___ Information given ___

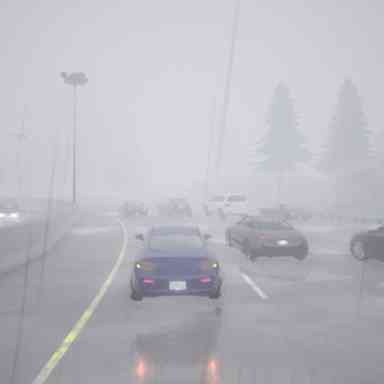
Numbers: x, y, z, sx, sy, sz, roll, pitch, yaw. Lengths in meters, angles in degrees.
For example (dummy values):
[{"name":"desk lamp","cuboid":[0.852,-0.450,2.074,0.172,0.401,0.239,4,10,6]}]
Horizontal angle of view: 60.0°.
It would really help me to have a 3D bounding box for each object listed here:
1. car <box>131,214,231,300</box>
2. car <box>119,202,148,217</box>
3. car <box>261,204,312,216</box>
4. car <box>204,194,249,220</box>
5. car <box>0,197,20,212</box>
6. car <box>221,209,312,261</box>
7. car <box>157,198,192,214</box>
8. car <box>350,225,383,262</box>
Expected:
[{"name":"car","cuboid":[-0.448,1.503,8.260,1.812,1.442,4.674,0,0,-5]},{"name":"car","cuboid":[-5.343,1.504,29.709,1.895,1.301,4.718,0,0,-21]},{"name":"car","cuboid":[7.016,1.566,25.571,1.895,1.301,4.718,0,0,-16]},{"name":"car","cuboid":[2.759,1.164,27.690,2.150,2.045,5.566,0,0,-17]},{"name":"car","cuboid":[-19.725,1.323,35.761,2.128,1.511,4.902,0,0,-30]},{"name":"car","cuboid":[2.587,1.543,12.363,1.994,1.385,4.181,0,0,-7]},{"name":"car","cuboid":[-1.634,1.271,29.485,2.097,1.767,4.553,0,0,-20]},{"name":"car","cuboid":[6.432,1.507,9.388,1.837,1.490,4.892,0,0,-5]}]
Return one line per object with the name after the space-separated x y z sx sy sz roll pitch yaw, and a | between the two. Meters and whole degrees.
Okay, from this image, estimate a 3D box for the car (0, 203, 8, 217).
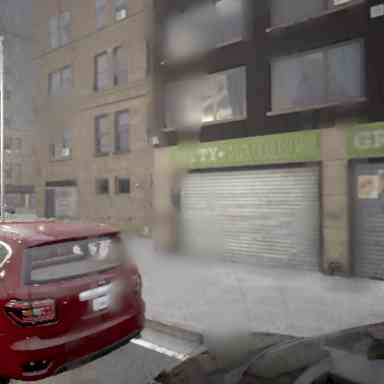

___

Go through the listing above line by line and say how many lines hold the word "roll". Reply with that number only.

Response to the task: 2